_Activity:_
Exactly as written, transcribe the data from its opening line through the line containing "Answer: Memory Profiler". Leave every picture out.

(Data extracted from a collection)

○ ○ ○ ○

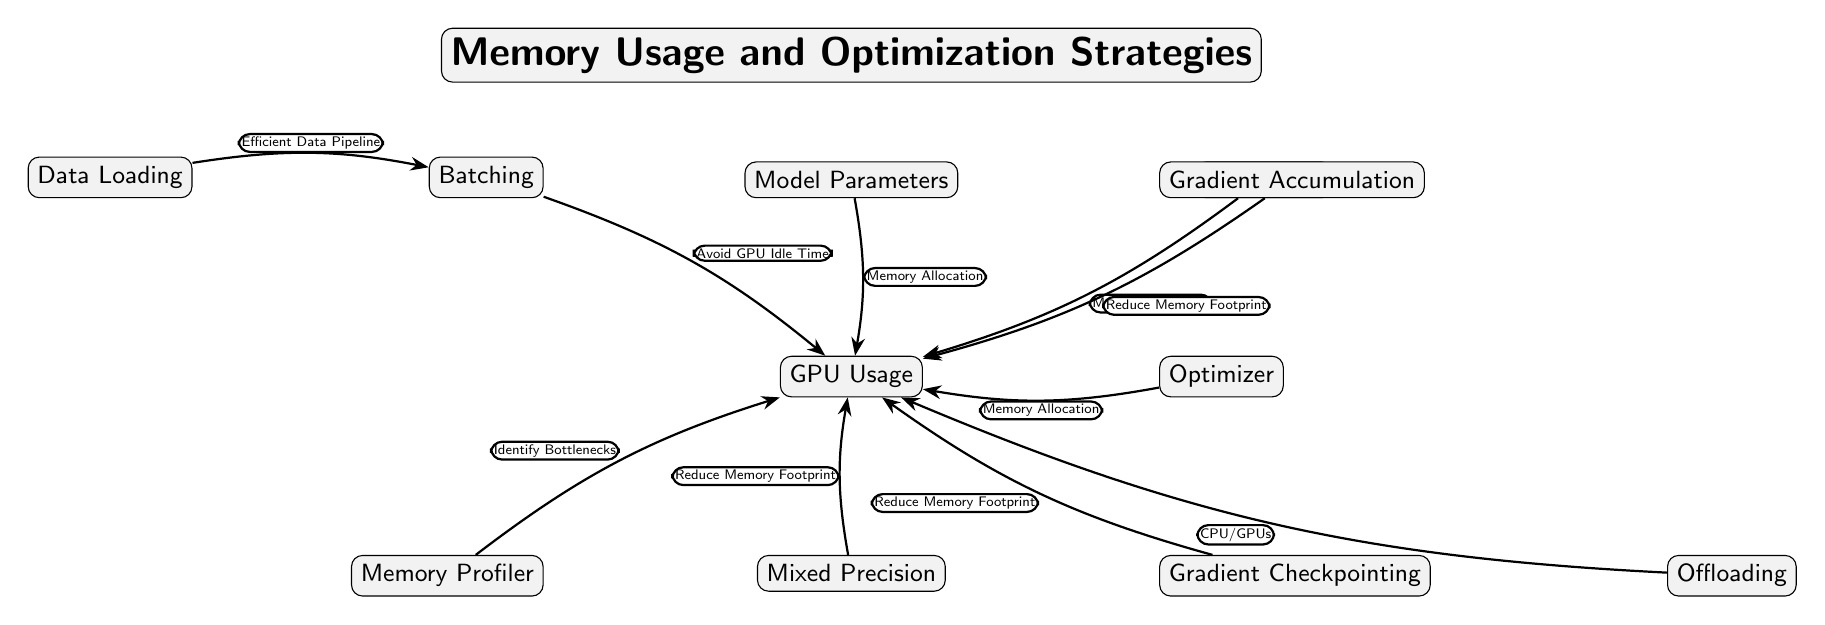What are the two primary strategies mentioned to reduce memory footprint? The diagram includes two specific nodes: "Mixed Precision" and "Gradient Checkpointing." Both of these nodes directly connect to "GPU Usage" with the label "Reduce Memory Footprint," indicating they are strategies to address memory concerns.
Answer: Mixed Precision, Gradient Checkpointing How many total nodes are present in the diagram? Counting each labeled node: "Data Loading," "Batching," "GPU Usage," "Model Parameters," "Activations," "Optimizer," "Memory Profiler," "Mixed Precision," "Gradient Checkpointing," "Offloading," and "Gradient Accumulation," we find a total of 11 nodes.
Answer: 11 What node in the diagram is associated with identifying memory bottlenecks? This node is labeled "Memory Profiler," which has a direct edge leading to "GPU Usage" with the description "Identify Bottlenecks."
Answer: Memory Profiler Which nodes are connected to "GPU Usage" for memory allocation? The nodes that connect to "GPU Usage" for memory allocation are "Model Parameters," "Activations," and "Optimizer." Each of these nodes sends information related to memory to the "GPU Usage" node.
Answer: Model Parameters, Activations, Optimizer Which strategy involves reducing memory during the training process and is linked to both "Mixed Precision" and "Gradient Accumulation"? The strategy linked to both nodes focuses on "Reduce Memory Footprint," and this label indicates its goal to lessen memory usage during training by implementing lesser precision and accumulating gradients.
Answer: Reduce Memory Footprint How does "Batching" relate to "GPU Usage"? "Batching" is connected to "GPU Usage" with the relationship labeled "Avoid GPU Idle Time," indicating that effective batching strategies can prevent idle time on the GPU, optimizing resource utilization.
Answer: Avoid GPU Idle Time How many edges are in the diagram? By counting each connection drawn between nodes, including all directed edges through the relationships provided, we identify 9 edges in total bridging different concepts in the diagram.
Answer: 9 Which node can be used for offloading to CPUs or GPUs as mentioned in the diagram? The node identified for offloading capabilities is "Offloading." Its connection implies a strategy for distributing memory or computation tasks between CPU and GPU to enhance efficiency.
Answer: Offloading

○ ○ ○ ○

_Response area:_
What are the two primary strategies mentioned to reduce memory footprint? The diagram includes two specific nodes: "Mixed Precision" and "Gradient Checkpointing." Both of these nodes directly connect to "GPU Usage" with the label "Reduce Memory Footprint," indicating they are strategies to address memory concerns.
Answer: Mixed Precision, Gradient Checkpointing How many total nodes are present in the diagram? Counting each labeled node: "Data Loading," "Batching," "GPU Usage," "Model Parameters," "Activations," "Optimizer," "Memory Profiler," "Mixed Precision," "Gradient Checkpointing," "Offloading," and "Gradient Accumulation," we find a total of 11 nodes.
Answer: 11 What node in the diagram is associated with identifying memory bottlenecks? This node is labeled "Memory Profiler," which has a direct edge leading to "GPU Usage" with the description "Identify Bottlenecks."
Answer: Memory Profiler Which nodes are connected to "GPU Usage" for memory allocation? The nodes that connect to "GPU Usage" for memory allocation are "Model Parameters," "Activations," and "Optimizer." Each of these nodes sends information related to memory to the "GPU Usage" node.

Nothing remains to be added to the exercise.